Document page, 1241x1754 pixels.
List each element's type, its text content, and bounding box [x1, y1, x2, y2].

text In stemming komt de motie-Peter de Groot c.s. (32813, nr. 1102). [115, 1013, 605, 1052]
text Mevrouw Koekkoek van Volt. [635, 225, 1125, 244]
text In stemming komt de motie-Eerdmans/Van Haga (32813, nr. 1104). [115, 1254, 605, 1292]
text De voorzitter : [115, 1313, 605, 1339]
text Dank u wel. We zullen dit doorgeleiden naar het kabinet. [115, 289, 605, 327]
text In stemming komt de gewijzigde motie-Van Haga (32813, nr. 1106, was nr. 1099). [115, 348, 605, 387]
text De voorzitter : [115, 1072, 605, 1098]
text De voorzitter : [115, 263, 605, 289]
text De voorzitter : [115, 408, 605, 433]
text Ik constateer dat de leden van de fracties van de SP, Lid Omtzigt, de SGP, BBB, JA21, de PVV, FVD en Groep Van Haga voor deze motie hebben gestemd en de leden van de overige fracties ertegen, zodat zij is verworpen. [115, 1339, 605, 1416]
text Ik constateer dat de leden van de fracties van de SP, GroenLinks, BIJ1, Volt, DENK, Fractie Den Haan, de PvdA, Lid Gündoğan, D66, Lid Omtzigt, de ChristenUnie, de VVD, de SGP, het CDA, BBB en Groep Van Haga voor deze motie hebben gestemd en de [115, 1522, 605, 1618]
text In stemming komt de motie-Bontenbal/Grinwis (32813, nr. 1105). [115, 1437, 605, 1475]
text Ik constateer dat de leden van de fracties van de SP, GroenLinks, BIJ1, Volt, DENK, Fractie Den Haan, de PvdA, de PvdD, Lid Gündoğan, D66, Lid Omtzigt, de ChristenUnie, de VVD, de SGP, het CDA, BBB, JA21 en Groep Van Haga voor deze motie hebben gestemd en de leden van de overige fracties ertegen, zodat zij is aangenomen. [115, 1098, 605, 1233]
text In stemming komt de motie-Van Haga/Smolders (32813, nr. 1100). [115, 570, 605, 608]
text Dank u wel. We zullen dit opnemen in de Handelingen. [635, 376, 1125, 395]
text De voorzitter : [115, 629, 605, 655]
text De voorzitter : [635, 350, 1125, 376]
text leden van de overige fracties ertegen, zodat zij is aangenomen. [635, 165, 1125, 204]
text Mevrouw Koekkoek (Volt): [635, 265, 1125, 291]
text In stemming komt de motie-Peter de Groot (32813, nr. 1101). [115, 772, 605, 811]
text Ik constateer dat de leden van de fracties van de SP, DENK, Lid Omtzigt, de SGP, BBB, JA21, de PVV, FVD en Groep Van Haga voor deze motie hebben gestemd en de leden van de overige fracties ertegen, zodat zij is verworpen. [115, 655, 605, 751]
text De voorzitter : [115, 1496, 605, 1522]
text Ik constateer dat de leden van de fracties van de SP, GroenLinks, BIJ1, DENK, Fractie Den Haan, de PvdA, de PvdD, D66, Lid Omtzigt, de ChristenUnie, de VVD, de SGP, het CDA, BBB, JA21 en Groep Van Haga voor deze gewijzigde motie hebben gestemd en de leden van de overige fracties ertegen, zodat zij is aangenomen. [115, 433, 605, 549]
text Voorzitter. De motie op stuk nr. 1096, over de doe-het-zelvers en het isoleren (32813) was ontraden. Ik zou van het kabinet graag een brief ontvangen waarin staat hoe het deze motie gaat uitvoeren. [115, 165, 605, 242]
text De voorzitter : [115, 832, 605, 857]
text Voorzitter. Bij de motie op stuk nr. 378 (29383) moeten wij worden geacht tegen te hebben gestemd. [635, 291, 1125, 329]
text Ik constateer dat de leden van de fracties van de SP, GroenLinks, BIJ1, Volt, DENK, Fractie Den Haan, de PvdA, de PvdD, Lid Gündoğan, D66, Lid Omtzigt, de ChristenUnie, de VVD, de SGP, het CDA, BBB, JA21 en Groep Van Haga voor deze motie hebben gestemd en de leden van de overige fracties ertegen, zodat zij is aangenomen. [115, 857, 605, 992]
- - -
### Requirement
From the line holding "text Voorzitter. De" to the line holding "text Voorzitter. Bij", inclusive, restate each line above exactly as written.

### Output below
text Voorzitter. De motie op stuk nr. 1096, over de doe-het-zelvers en het isoleren (32813) was ontraden. Ik zou van het kabinet graag een brief ontvangen waarin staat hoe het deze motie gaat uitvoeren. [115, 165, 605, 242]
text De voorzitter : [115, 832, 605, 857]
text Voorzitter. Bij de motie op stuk nr. 378 (29383) moeten wij worden geacht tegen te hebben gestemd. [635, 291, 1125, 329]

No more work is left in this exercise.